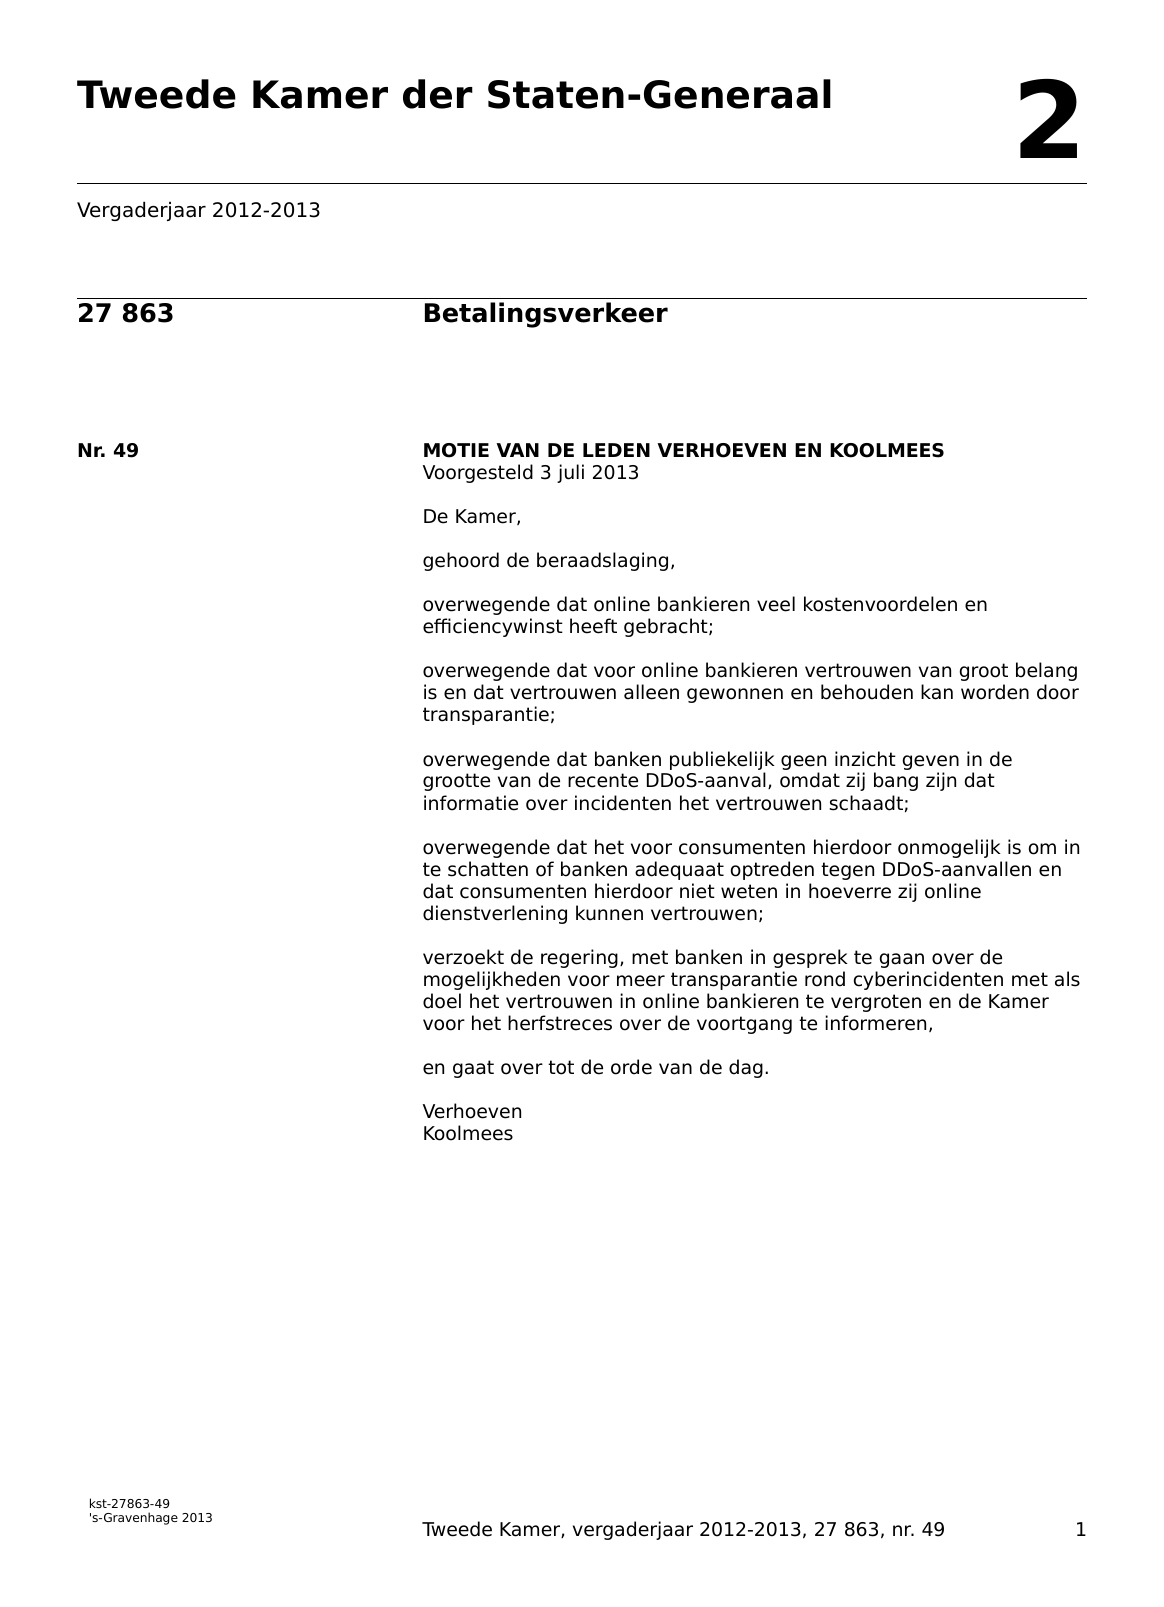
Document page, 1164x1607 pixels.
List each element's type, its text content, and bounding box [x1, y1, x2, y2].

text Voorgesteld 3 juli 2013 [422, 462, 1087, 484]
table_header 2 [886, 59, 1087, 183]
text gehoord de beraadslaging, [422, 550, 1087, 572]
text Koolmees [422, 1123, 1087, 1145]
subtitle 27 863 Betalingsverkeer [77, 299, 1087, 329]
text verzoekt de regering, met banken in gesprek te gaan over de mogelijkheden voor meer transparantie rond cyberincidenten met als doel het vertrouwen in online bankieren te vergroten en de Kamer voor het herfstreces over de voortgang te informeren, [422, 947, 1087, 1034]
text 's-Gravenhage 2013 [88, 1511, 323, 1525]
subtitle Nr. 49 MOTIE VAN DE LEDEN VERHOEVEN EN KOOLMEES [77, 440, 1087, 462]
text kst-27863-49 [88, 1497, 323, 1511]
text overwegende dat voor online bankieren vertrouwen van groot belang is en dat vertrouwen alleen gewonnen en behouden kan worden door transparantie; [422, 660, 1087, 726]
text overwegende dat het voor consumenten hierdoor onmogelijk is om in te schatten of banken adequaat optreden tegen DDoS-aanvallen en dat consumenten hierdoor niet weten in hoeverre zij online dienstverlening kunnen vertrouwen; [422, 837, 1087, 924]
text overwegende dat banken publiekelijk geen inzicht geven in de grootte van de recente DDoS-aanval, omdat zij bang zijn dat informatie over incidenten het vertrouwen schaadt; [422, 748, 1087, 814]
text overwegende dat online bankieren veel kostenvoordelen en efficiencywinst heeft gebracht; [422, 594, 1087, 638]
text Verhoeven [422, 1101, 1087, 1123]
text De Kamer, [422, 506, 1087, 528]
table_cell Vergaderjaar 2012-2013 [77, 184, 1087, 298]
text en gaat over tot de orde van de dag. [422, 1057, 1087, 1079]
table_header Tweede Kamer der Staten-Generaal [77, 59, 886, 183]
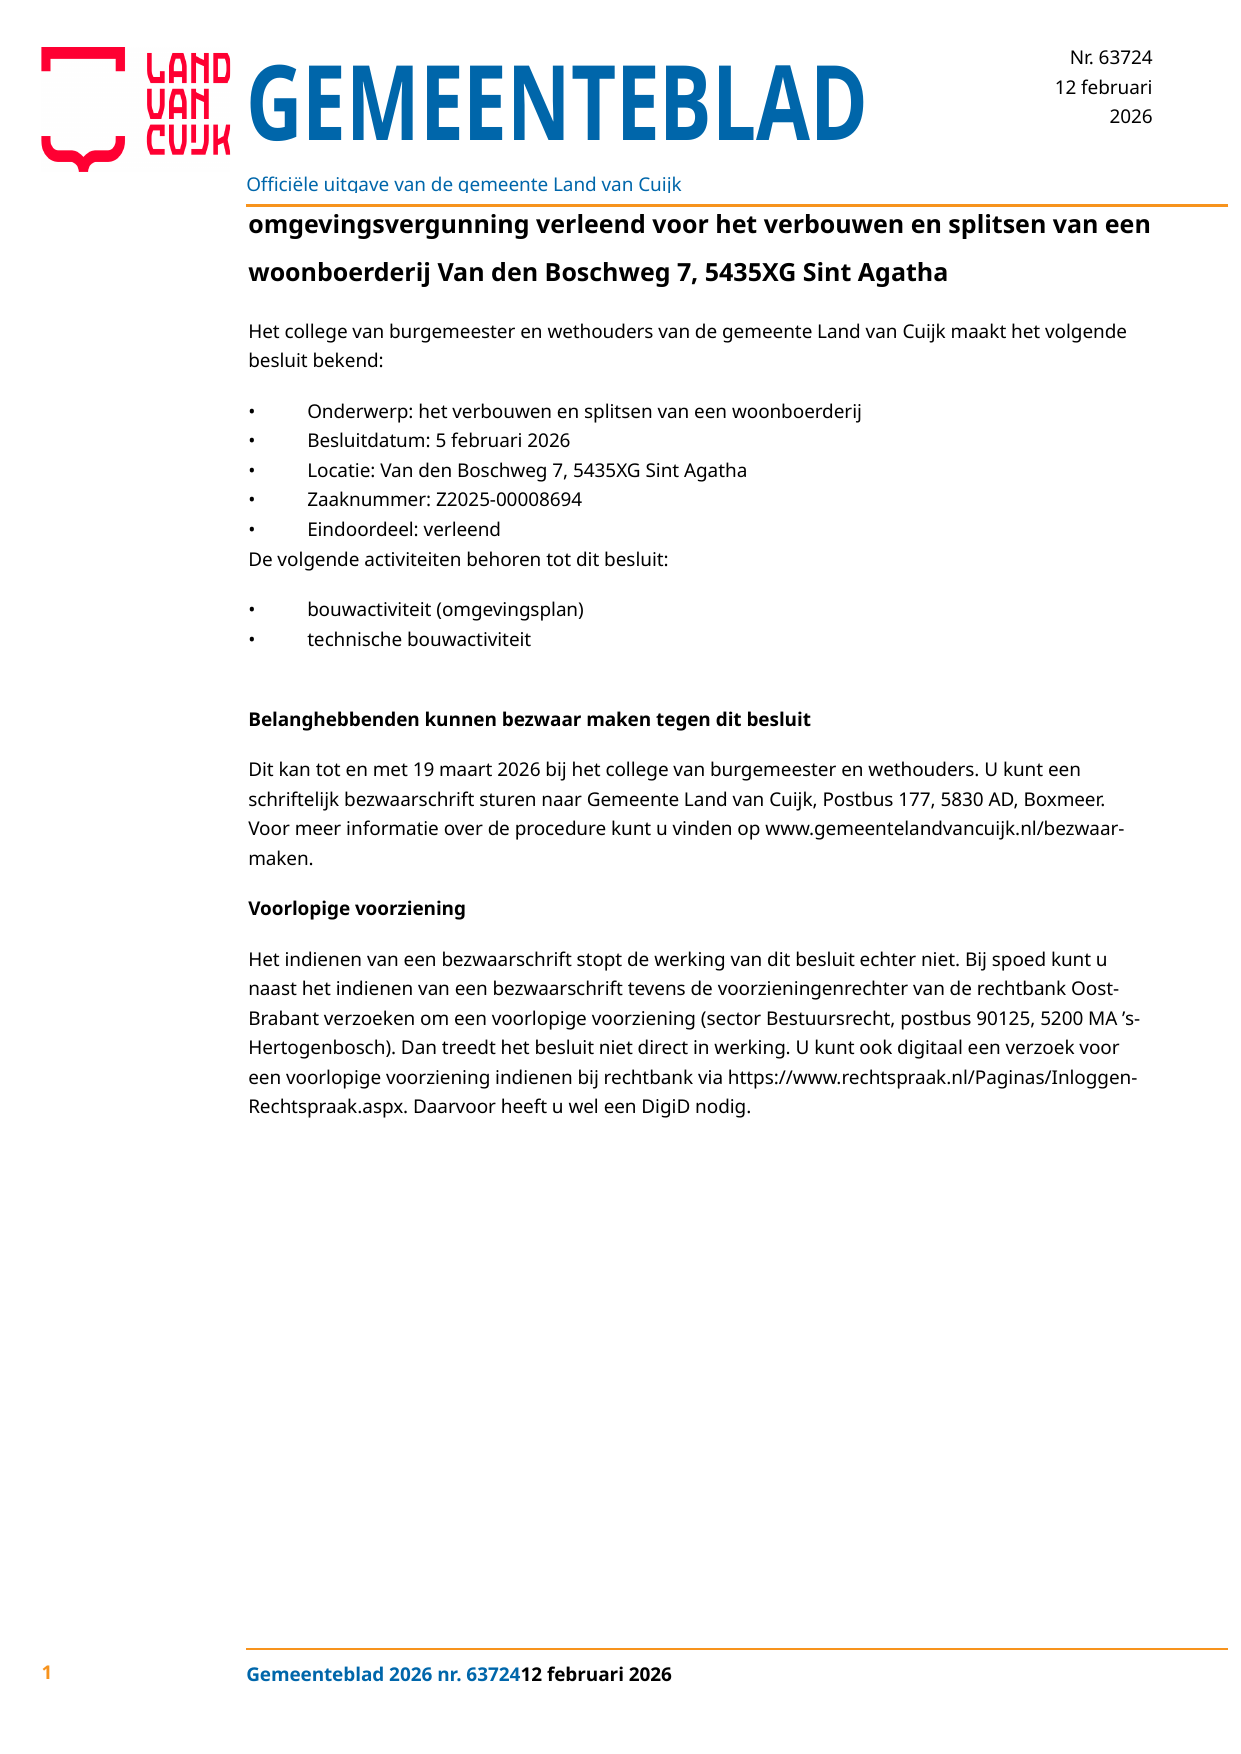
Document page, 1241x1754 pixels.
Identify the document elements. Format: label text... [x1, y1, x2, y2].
- - - -
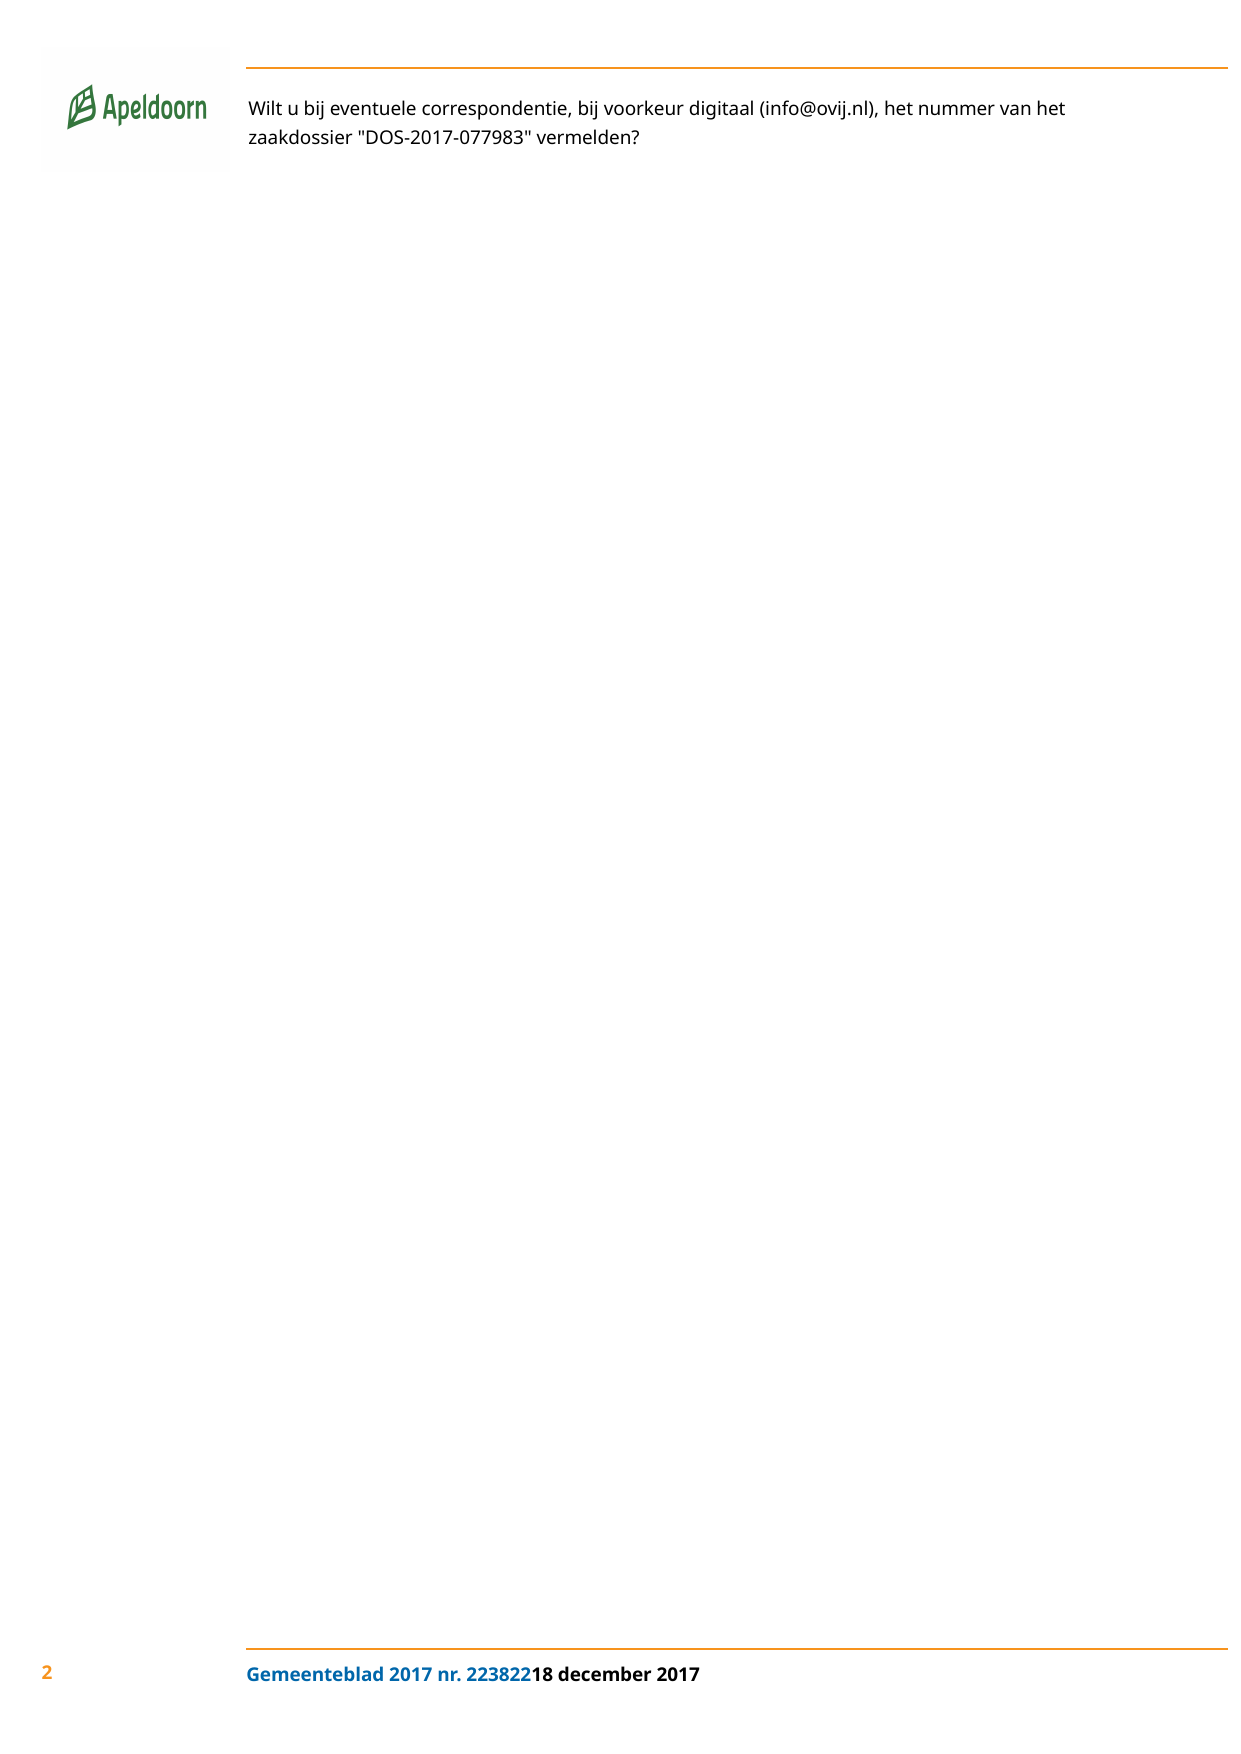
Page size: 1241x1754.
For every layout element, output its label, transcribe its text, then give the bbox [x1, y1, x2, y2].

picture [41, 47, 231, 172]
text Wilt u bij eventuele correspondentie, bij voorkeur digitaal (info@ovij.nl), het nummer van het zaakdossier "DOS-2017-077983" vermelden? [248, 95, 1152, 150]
- - - -
## Problem
One number and nothing else is the answer: how many lines of the material include "pixels".

## Result for this task
2